The GTEP model integrates unit commitment decisions to evaluate the hourly operation requirements. Given that the planning horizon of the GTEP problem can be as long as 10 to 30 years, solving the long-term planning problem with operating decisions in every hour of the planning horizon is intractable. Therefore, a simplification is needed to make the problem solvable, while representing the hourly fluctuations of the load and renewable profiles. We use representative days approach for time representation.

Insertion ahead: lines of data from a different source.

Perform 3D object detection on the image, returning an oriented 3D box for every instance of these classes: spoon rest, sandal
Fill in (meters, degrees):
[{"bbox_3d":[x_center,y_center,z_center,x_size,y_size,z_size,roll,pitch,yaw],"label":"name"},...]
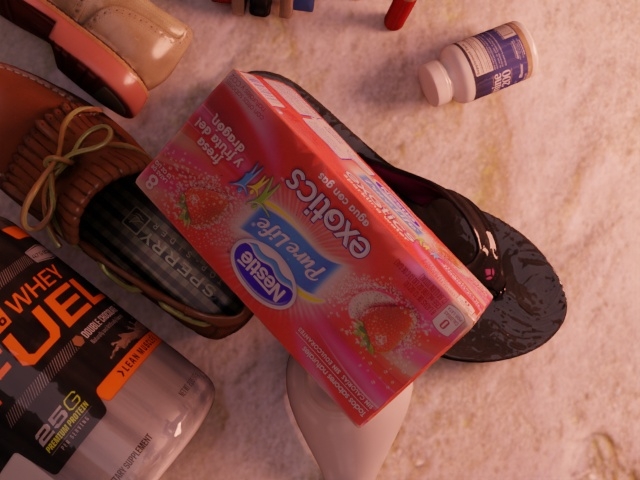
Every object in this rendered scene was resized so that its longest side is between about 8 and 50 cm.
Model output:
[{"bbox_3d":[0.022,0.210,0.930,0.137,0.084,0.276,2,75,16],"label":"spoon rest"},{"bbox_3d":[0.064,-0.015,0.945,0.445,0.107,0.168,33,81,-2],"label":"sandal"}]

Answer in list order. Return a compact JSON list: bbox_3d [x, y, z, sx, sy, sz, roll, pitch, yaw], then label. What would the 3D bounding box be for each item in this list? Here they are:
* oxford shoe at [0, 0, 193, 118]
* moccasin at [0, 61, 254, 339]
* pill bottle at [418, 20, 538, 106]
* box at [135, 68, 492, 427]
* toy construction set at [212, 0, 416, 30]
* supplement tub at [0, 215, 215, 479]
[{"bbox_3d":[-0.286,-0.286,0.939,0.348,0.123,0.130,44,76,-10],"label":"oxford shoe"},{"bbox_3d":[-0.218,-0.041,0.896,0.139,0.147,0.380,-44,90,-9],"label":"moccasin"},{"bbox_3d":[0.172,-0.191,0.997,0.120,0.067,0.067,-23,86,-8],"label":"pill bottle"},{"bbox_3d":[0.000,0.000,0.834,0.300,0.154,0.142,47,106,8],"label":"box"},{"bbox_3d":[-0.013,-0.354,0.910,0.309,0.237,0.257,34,81,-2],"label":"toy construction set"},{"bbox_3d":[-0.283,0.117,0.841,0.338,0.207,0.207,38,81,-1],"label":"supplement tub"}]

GTEP is typically performed on large scale power systems which consists of thousands of buses, such as ERCOT, SPP, PJM, MISO, etc. In most cases, it is intractable for GTEP to model each bus. To reduce the spatial complexity of the problem. The area of interest is divided into several regions that have similar climate (e.g., wind speed and solar incidence over time), and load profiles. As we describe in the generation representation subsection, all the generators using the same technology have the same parameters. On the other hand, for the renewable generators, the capacity factors are dependent on the location at which they are installed. We assume that the capacity factors of the renewable generators in the same region are the same.
We assume that all the generators and loads are located at the center of each region. Since each region is treated as one bus in the power flow model, we only consider the tielines between two neighboring regions. We assume that the two ends of each tieline are the centers of the two regions it connects. All the tielines are assumed to have the same voltage, susceptance, and capacity. An example of the proposed spatial representation approach is shown in the figure below. The ERCOT region is divided into five regions, Panhandle, Northeast, West, South, and Coast. The center of each region is specified as one of the cities in the region. The existing transmission lines are represented as solid lines while the candidate transmission lines are represented as dashed lines. Each region has generator clusters corresponding to different technologies. The aggregation of the generating units is a simplification of the problem that may yield suboptimal solution compared with modeling each generator individually. Such simplification is necessary to make the problem tractable. In order to obtain a feasible solution to the real physical system, i.e., the unit commitment decisions of each generator, one could perform a disaggregation heuristics on the aggregated solution. We will leave developing these heuristics as future work.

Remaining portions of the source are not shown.